Like a great many people I have been trying to give up smoking. In the process I have learned many things about myself and a little bit about the nature of addiction, but I have still not given up.

I know I am addicted because, whenever I try to imagine a life without cigarettes, without any cigarettes, ever, I realise it is a life I do not want.

In the early hours of the morning, when I cannot sleep and my throat is dry and my tongue feels too big for my mouth, I promise myself that I will pull myself together and stop the very next day. After all, I have quite a strong will, would, when young, push myself to get up at six in the mornings to get a bit of extra swimming or running training in when a big race was coming up, and later forced myself to work for exams in subjects in which I was not interested. Surely giving up something must be easier than forcing oneself to do something? But when the next day comes I do not stop. And the cigarettes I smoke in the course of the day are not an indulgence, like eating chocolates, say. They are a necessary part of my life. Without them — and I am not a great smoker, rarely consume more than eight or ten cigarettes a day — without them I simply do not feel alive.

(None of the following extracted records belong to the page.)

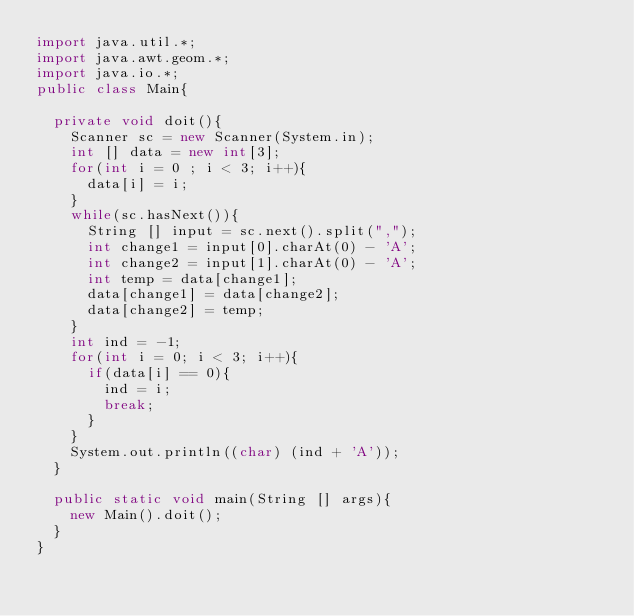<code> <loc_0><loc_0><loc_500><loc_500><_Java_>import java.util.*;
import java.awt.geom.*;
import java.io.*;
public class Main{
	
	private void doit(){
		Scanner sc = new Scanner(System.in);
		int [] data = new int[3];
		for(int i = 0 ; i < 3; i++){
			data[i] = i;
		}
		while(sc.hasNext()){
			String [] input = sc.next().split(",");
			int change1 = input[0].charAt(0) - 'A';
			int change2 = input[1].charAt(0) - 'A';
			int temp = data[change1];
			data[change1] = data[change2];
			data[change2] = temp;
		}
		int ind = -1;
		for(int i = 0; i < 3; i++){
			if(data[i] == 0){
				ind = i;
				break;
			}
		}
		System.out.println((char) (ind + 'A'));
	}

	public static void main(String [] args){
		new Main().doit();
	}
}</code>

It's as simple as that. Were I to give up I would of course be able to go on carrying out the tasks I have to do. But I feel I would do them like an automaton. And the deprivation I experience when the need for a cigarette comes upon me is not like the sense of the simple absence from my diet of food I like or even need. It is more like being in solitary confinement. To smoke a cigarette has much in common, for me at any rate, with going for a walk: when I put a cigarette in my mouth and light up, my body, which, until then had grown dead, unresponsive, begins to come to life again and I feel myself to be once more a part of the world.

They say that the famous advert, ‘You're never alone with a Strand’, killed that particular brand of cigarette stone dead. One must never, it seems, associate a product with solitude. That may be advertising wisdom, but I have never come across a truer description of what smoking means. To take out a cigarette, put it in one's mouth, light it, inhale, exhale, is to feel the deprivation of solitude dropping away. To smoke a cigarette is like sitting by an open fire, which is as much as to say that to smoke an ersatz cigarette, one of those nicotine-free monstrosities designed to wean you from the habit, is like trying to sit down to relax in front of a gas or electric fire, perhaps one of those unspeakable contraptions that pretend to be a coal or wood fire.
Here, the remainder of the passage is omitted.